Ce n’est qu’au retour de Vespasien de la guerre contre les juifs en octobre 70, que des traits individualisés apparaissent. Le nouvel empereur s’éloigne de l’image monétaire de son prédécesseur Galba. Sa tête imposante est marquée par l’âge. Le crâne est dégarni sur le dessus. De profondes rides sont incisées sur le front. Le sourcil froncé rapetisse l’oeil déjà grignoté par le bourrelet subsourcilier. Le profil dévoile un nez crochu. Le décharnement des chairs est sensible par les pommettes et la pomme d’Adam saillante. Les lèvres minces et la bouche enfoncée par rapport au menton saillant renforcent cette image.
En opposition au profil parfait des effigies augustéennes, Vespasien se fait représenter par des traits très individualisés. Sont-ils pour autant « réalistes » ? Les indications descriptives que veut bien nous donner Suétone ne permettent pas de l’affirmer. S’il est visible que l’idéalisation lancée par Auguste est entièrement abandonnée, cela ne signifie pas pour autant que les traits physiques de Vespasien soient réalistes. Au contraire, la mise en avant de l’âge et son accentuation dans les portraits comportent des avantages. La vieillesse de Vespasien ne répond qu’à la construction d’une image qui est différente de celle d’Auguste. Le premier des Flaviens ne peut en effet pas se réclamer d’une ascendance divine. Faire le choix d’une jeunesse éternelle reviendrait à vouloir rattacher son image à celle d’Auguste et à ainsi se placer, sinon à sa hauteur, au moins dans son sillage. De plus, le choix de la jeunesse avait été pris par Othon, un des trois empereurs de l’année 69 et ancien partisan de Néron. Par le refus de la jeunesse classicisante, Vespasien évite alors les amalgames d’image.
Prendre de manière exacerbée les traits d’un vieil homme revient également à renouer avec une tradition de la fin de la République. Or, à cette époque troublée, chaque trait individualisé se voulait caractéristique d’une vertu ; les spécialistes parlent alors de « monotonie pathognomonique »52. Les qualités d’un homme étaient pour ainsi dire sculptées sur son visage : le citoyen romain pouvait y lire la gravitas, la constantia ou encore la severitas, valeurs chères à ses yeux53. La physionomie était ainsi bâtie en fonction des qualités reconnues et donc aux succès personnels54. Pour un personnage qui ne peut s’appuyer sur d’illustres ancêtres et uniquement sur son mérite personnel, le choix de traduire ses propres qualités dans son portrait est judicieux. Ainsi, à défaut de s’appuyer sur la gloria maiorum – la gloire accumulée par sa famille -, Vespasien put compter sur ses hauts faits, c’est-à-dire sur sa virtus.
Cette même image se retrouve sur les portraits de Vespasien appartenant à d’autres domaines comme la sculpture et la glyptique. Il n’est pas à douter que le but et les qualités visés soient les mêmes.

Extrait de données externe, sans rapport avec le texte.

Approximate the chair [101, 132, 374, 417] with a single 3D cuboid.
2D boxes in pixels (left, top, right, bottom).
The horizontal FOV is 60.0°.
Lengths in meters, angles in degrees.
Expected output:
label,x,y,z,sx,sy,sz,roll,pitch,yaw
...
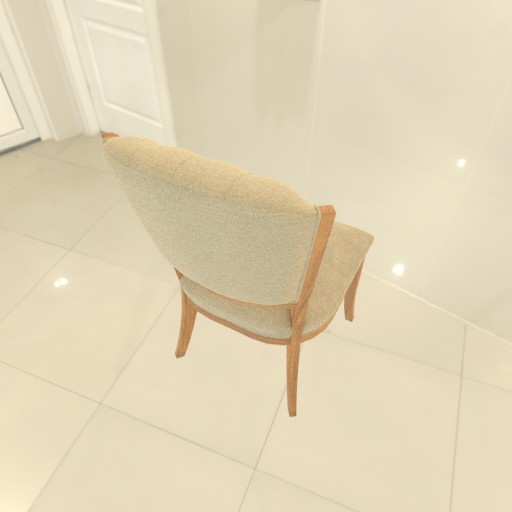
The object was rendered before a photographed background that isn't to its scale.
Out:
label,x,y,z,sx,sy,sz,roll,pitch,yaw
chair,0.000,0.000,1.211,0.513,0.905,0.584,22,50,19
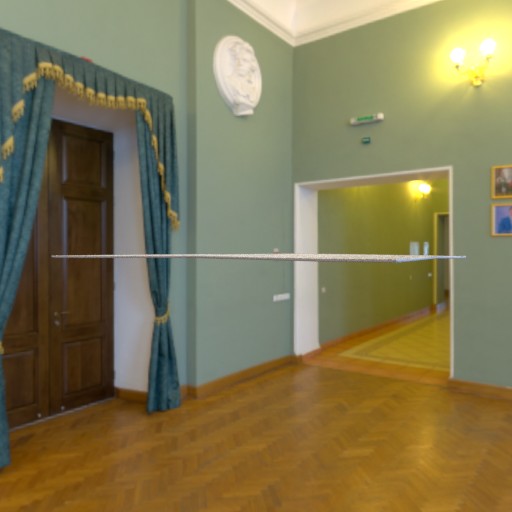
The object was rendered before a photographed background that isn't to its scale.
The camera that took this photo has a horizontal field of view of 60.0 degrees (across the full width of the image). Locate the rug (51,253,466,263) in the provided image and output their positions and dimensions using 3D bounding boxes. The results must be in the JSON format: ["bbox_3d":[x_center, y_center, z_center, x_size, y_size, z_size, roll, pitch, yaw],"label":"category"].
[{"bbox_3d":[0.000,0.000,2.274,1.804,0.022,1.162,0,1,35],"label":"rug"}]
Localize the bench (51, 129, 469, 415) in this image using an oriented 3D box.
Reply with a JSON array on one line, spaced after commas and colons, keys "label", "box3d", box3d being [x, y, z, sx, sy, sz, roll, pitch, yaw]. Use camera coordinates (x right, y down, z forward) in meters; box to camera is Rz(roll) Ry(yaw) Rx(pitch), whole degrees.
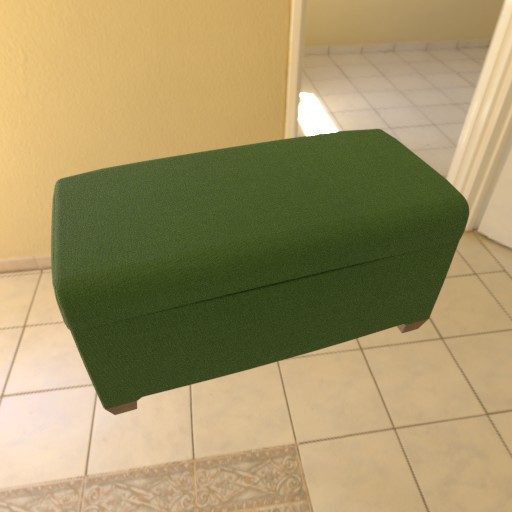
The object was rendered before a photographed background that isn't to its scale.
[{"label": "bench", "box3d": [0.000, 0.000, 1.279, 0.989, 0.501, 0.505, -12, 43, -14]}]
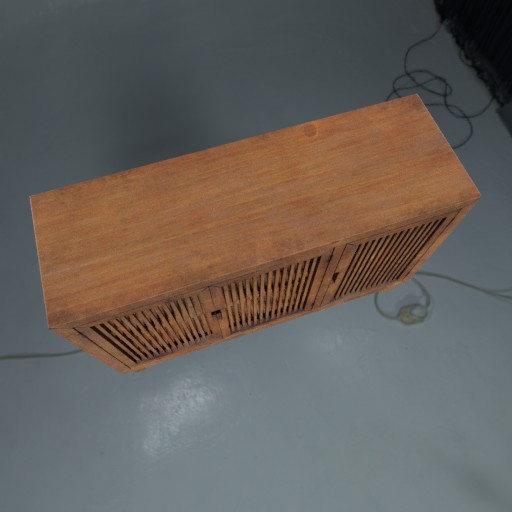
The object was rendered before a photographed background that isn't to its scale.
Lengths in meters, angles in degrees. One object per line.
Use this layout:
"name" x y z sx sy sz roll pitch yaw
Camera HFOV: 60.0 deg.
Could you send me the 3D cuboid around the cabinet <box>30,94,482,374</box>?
"cabinet" 0.000 0.000 1.608 1.204 0.805 0.403 -17 67 -7
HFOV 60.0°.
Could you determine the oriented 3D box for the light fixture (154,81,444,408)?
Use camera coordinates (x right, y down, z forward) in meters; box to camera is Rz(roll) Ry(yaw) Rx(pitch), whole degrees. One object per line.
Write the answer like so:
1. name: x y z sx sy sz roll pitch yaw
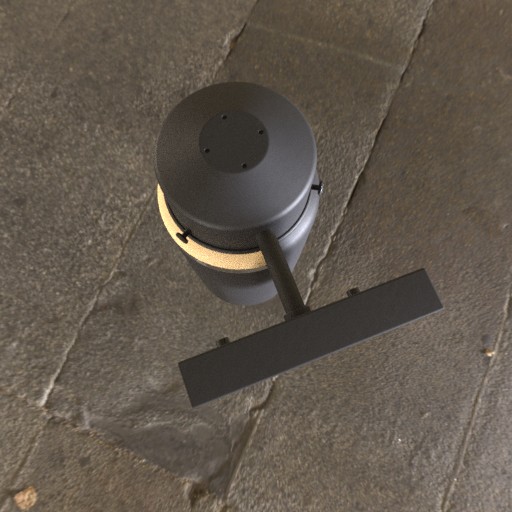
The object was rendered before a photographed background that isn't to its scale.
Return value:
1. light fixture: 0.000 0.000 0.353 0.130 0.257 0.176 -20 77 -5
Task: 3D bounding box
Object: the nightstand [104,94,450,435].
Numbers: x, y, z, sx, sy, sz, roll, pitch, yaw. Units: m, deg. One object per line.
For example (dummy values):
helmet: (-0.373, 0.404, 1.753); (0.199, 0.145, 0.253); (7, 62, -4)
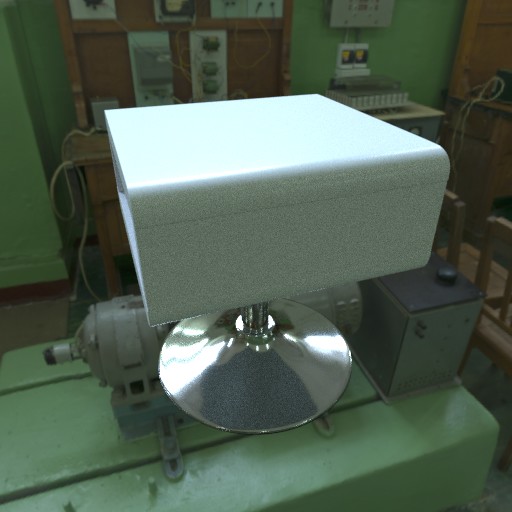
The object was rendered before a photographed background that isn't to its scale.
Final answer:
nightstand: (0.000, 0.000, 0.761); (0.404, 0.447, 0.399); (-11, 33, -17)
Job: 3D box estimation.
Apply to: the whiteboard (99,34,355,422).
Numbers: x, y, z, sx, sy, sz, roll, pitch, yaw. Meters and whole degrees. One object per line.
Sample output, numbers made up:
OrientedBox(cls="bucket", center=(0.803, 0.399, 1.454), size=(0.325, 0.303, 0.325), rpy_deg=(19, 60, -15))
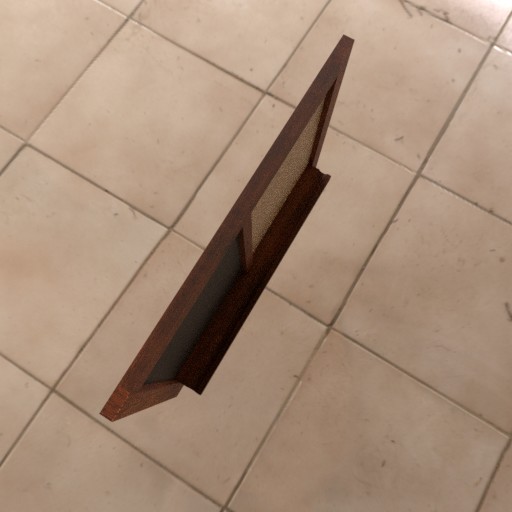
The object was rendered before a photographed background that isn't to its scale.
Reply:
OrientedBox(cls="whiteboard", center=(0.000, 0.000, 0.999), size=(0.083, 0.553, 0.768), rpy_deg=(30, 78, 7))
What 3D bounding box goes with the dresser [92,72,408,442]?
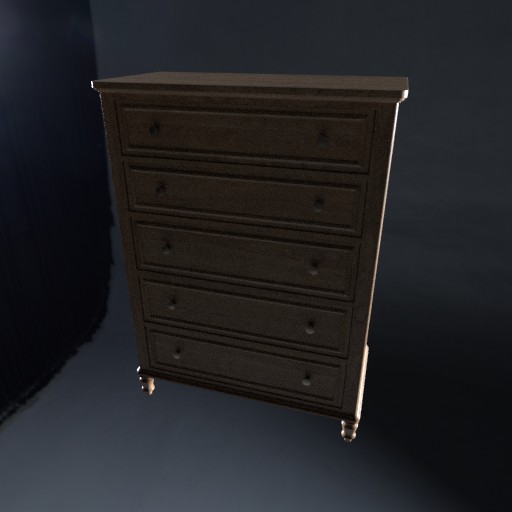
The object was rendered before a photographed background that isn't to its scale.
[{"bbox_3d":[0.000,0.000,1.774,0.973,1.318,0.484,8,27,15],"label":"dresser"}]
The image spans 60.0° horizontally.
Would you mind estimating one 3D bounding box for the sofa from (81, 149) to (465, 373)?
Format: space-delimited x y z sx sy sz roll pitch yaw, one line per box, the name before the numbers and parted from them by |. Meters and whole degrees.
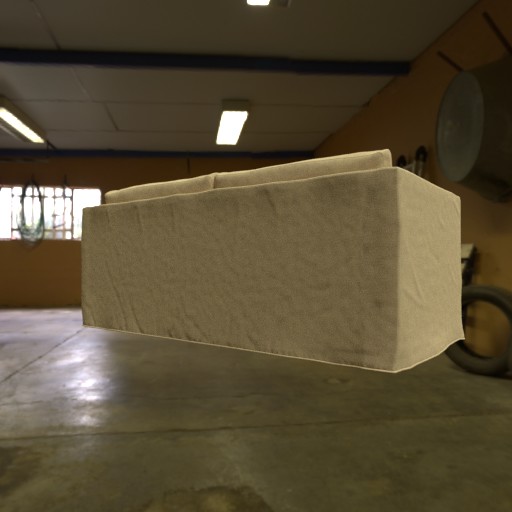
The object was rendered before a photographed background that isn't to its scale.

Les portraits en ronde-bosse : les différents types

Le type I

Grâce à l’ensemble des portraits conservés et authentifiés comme le fondateur de la dynastie flavienne, a été établie une typologie. Deux types semblent se distinguer. Le type I, plus ancien dans la chronologie, concernerait les portraits antérieurs au principat de Vespasien. Parfois appelé « type jeune »56, les traits du général sont moins marqués par les années. Le visage est plutôt plat ; ce qui pourrait être lié avec la réutilisation d’anciens portraits de Néron, Othon ou Vitellius. Les marques de l’âge sont déjà présentes : le front large est ridé, ainsi que les joues et le menton. Les yeux sont rapprochés et encadrés par des pattes d’oie. Le nez est busqué et les lèvres fines. Comme exemple, on peut citer le portrait 1890 découvert à Carthage et conservé au British Museum. Dia-na Kleiner situe sa réalisation juste après 70 de notre ère.

Un deuxième type

Toutes ces caractéristiques annoncent le type suivant. Celui-ci correspondrait aux années de son règne. L’image donnée est alors celle d’un meneur militaire fort et décidé. C’est ainsi que les chercheurs définissent l’air un peu strict qui se dégage des portraits de Vespasien. L’individualisation déjà présente pour les portraits du premier type se retrouve dans ceux de type II. Le front est large, les yeux rapprochés, le nez busqué et le menton carré, « puissant »59. En re-vanche, le poids des années est beaucoup plus sensible. La légère frange laisse place à un crâne lar-gement dégarni.
Le front est profondément ridé : trois larges sillons horizontaux se déploient tout du long. A la naissance du nez, deux rides profondément inscrites servent de transition. Les yeux, toujours rap-prochés, sont davantage enfoncés, ce qui rend le bourrelet subsourcilier plus imposant. Les autres rides sur les joues, le menton et autour de la bouche sont plus accentuées. Les lèvres sont plus minces, ce qui mène à penser que Vespasien pourrait être édenté sur ces représentations.
Un des portraits les plus caractéristiques est celui conservé à la Ny Carlsberg Glyptothek de Copenhague, I.N. 258560. Du fait du contexte de ces créations, il n’est pas étonnant que la majorité des portraits en ronde-bosse mais également monétaires appartiennent au type II. Quelles diffé-rences concrètes existe-il entre ces deux types de portraits ?
Si l’on compare le portrait 1890 du British Museum avec le I.N. 2585, les principales diver-gences viennent de la chevelure et de la bouche. De la chevelure, car bien que le traitement des mèches soit analogue – les mèches sont ramenées vers le haut du visage sur les tempes, dans les deux cas –, le portrait de Copenhague I.N. 2585 dévoile une calvitie que s’efforce de dissimuler celui de Londres. Quant aux lèvres, elles sont épaisses pour celui du British Museum alors qu’elles ont presque disparu sur le portrait de Copenhague I.N. 2585.
Ces distinctions, qui sont plutôt flagrantes, permettent de séparer les deux types qui se rejoi-gnent en de nombreux points. Les rides sont, par exemple, disposées de manière presqu’identique : trois rides au front, même ride du lion, mêmes pattes d’oie ; deux rides qui, de part et d’autre du nez, atteignent les commissures de la bouche ; deux pareilles rides qui habillent le bas des joues pour se rejoindre sous le menton. Si le jeu des rides ainsi que leur profondeur peuvent mener à la confusion des types, le manque de cheveux et la perte des dents sont des indices beaucoup plus sûrs.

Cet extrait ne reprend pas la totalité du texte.